**Exercise goal**
As the answer, give a copy of each line below that includes the word "frame".

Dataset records
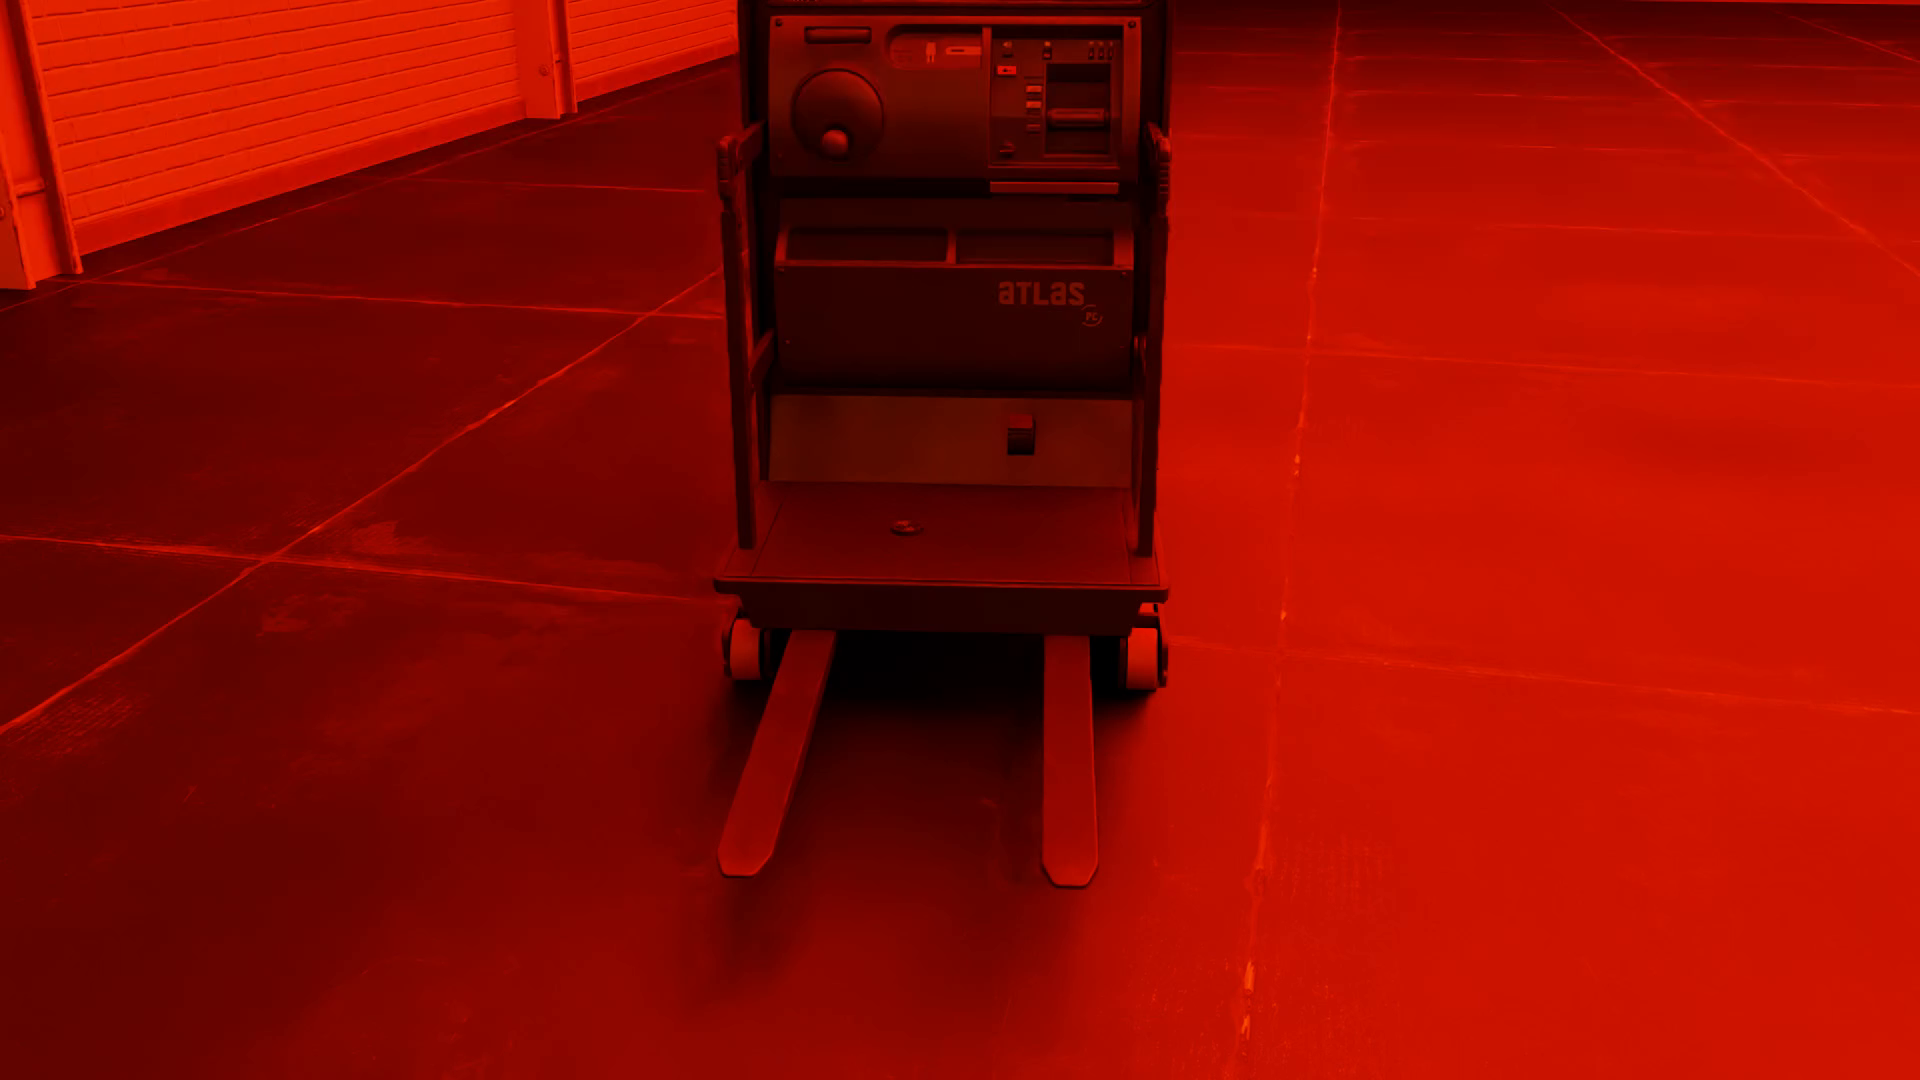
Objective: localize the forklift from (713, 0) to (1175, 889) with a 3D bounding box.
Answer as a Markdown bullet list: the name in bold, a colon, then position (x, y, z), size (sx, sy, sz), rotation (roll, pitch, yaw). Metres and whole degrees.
- **forklift**: position (-0.024, -1.100, 3.964), size (1.130, 2.935, 3.031), rotation (1, 22, 3)
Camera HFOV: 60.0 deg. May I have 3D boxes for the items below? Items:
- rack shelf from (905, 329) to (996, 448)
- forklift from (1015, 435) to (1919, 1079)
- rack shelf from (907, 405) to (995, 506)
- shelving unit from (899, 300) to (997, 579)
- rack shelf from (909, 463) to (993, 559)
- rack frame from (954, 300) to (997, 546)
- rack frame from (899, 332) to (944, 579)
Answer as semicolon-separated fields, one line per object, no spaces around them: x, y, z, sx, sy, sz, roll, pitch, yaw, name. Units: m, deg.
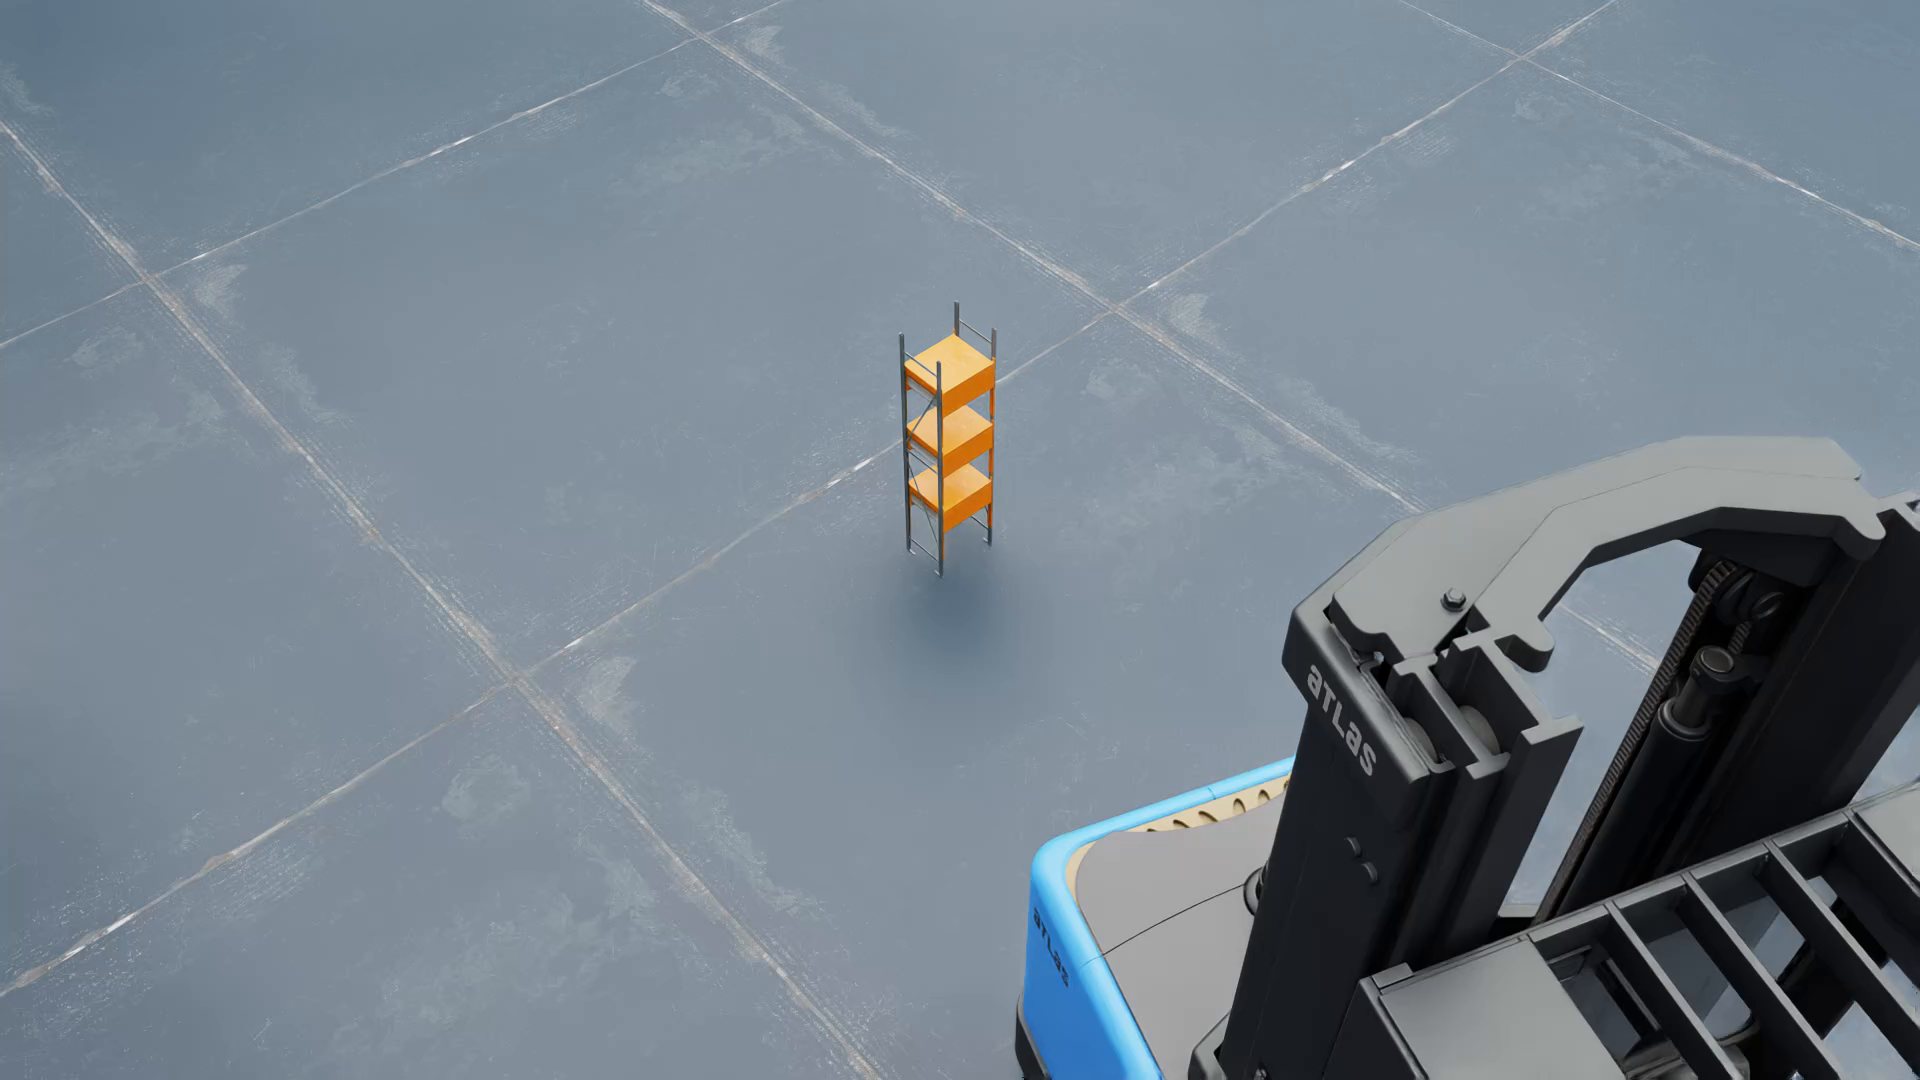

**Written solution**
- rack frame from (954, 300) to (997, 546)
- rack frame from (899, 332) to (944, 579)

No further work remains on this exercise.